Dietary fibre may reduce acutely the absorption of some vitamins and minerals by binding or entrapping them in the small intestinal lumen. However, there is little evidence that population groups consuming nutritionally adequate diets rich in high-fibre foods have any problems with vitamin or mineral deficiencies. Recent studies show that fibre may reduce calcium availability in the small intestine, but that at least some of the calcium carried into the colon, bound or entrapped by fibre, is released when the fibre is fermented, with short-chain fatty acids facilitating calcium absorption from the distal colon and rectum. (FAO/WHO Report, Carbohydrates in Human Nutrition, 1998)

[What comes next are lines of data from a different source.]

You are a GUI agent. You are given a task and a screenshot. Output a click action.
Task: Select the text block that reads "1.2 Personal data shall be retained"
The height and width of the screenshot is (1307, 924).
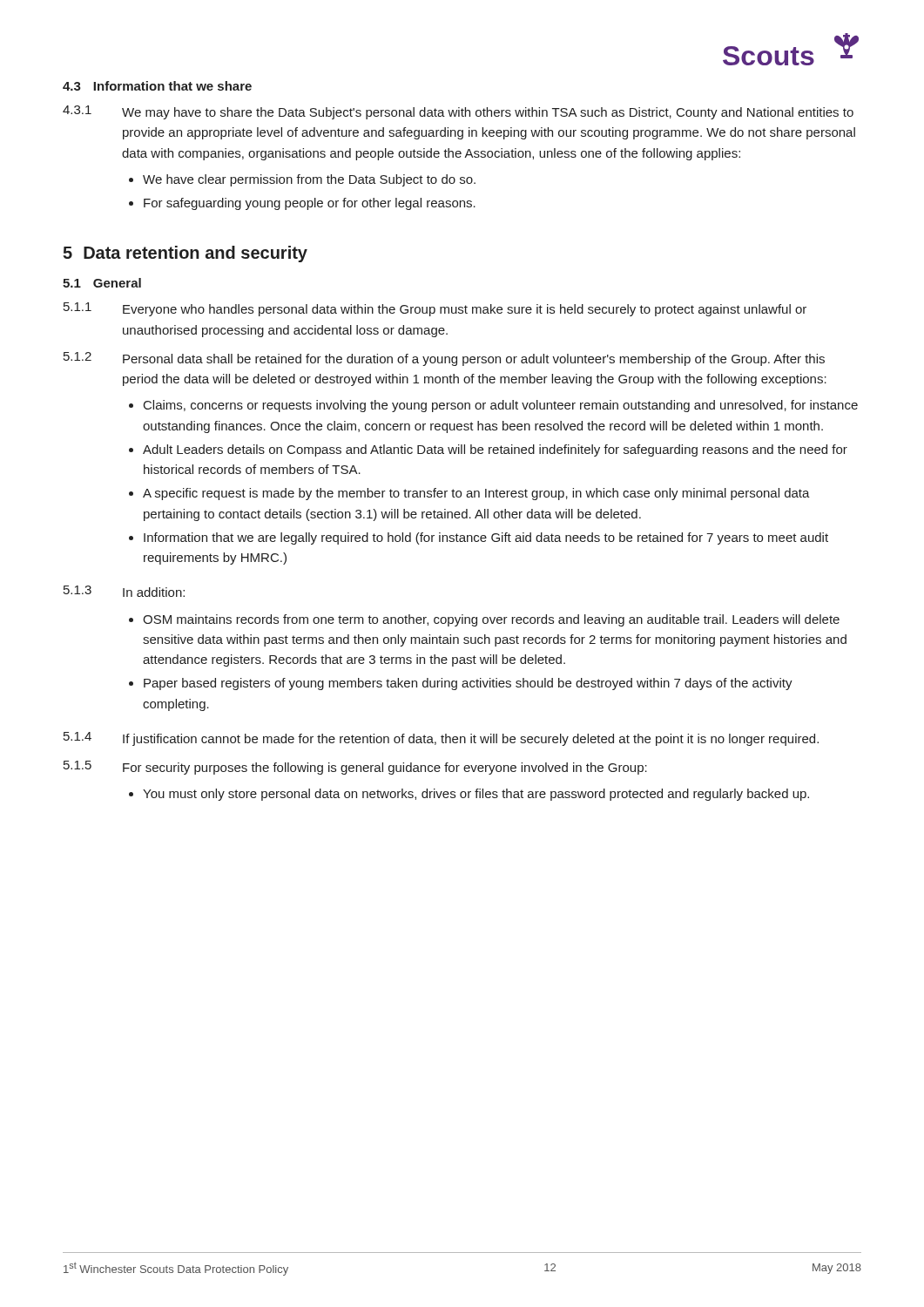coord(462,461)
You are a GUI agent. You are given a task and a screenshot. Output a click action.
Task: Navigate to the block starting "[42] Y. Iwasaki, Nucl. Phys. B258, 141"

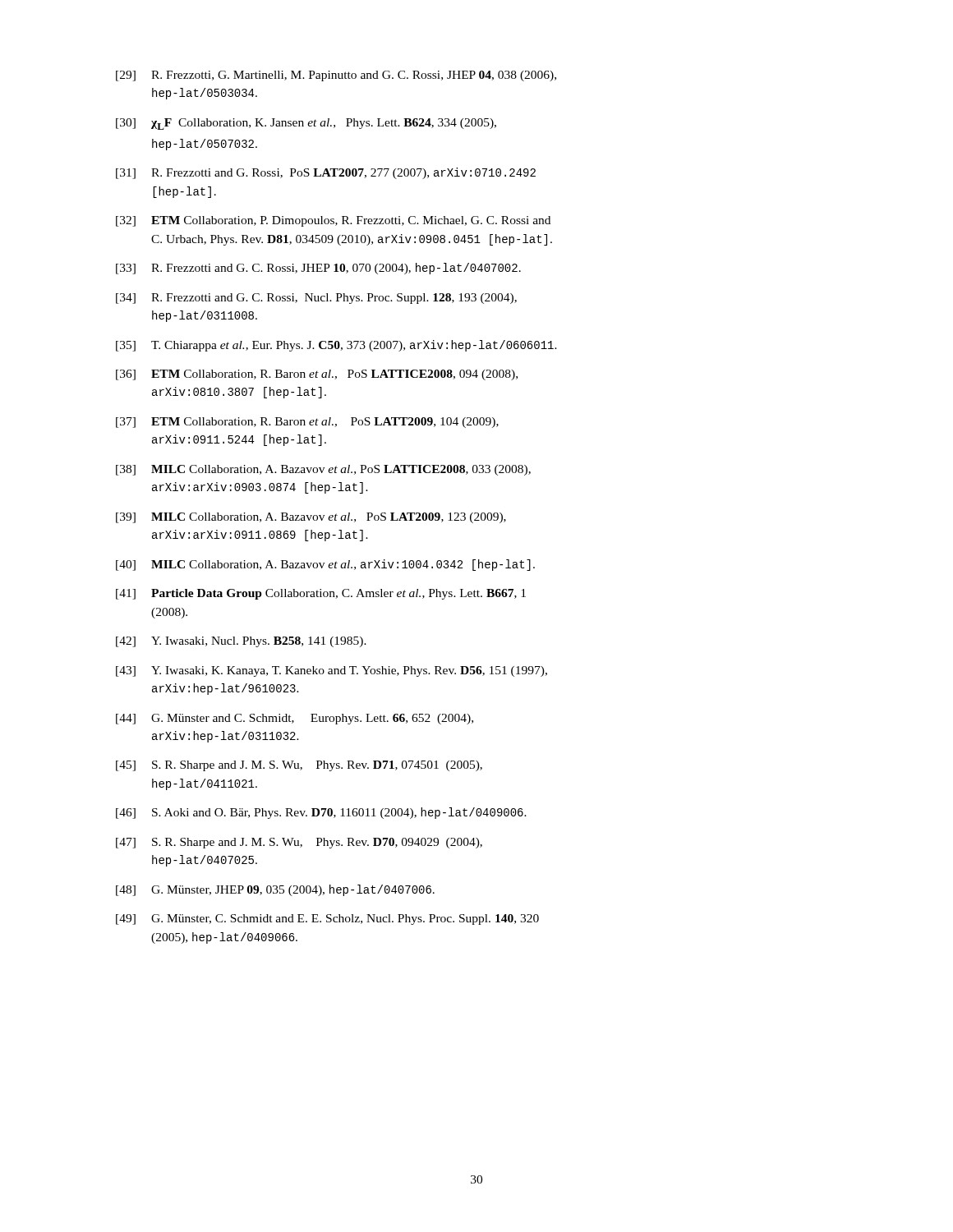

I realised, as someone who now eats a range of healthy foods, that I needn’t worry myself about mineral absorption. Instead, I plunged in the opposite direction and began actively seeking out foods that are said to block certain nutrients. It occurred to me that since nutrients and calories aren't mutually exclusive, anything which blocks the absorption of nutrients would also block absorption of the calories with which they came, thus assisting with my weight maintenance. Just as the body might regulate weight by disposing of unwanted calories bound to fibre, so it might regulate nutrition in the same way by disposing of nutrients surplus to requirement. It could even be that the fermentation process in the lower intestine adjusts the final topping up or passing on of nutrients and calories according to need, which would explain why their availability for absorption is postponed till that stage in their gastrointestinal journey. Too much calcium, for example, is known to be bad for us.
Last edited by Plinge : Tue, Jun-05-12 at 14:22.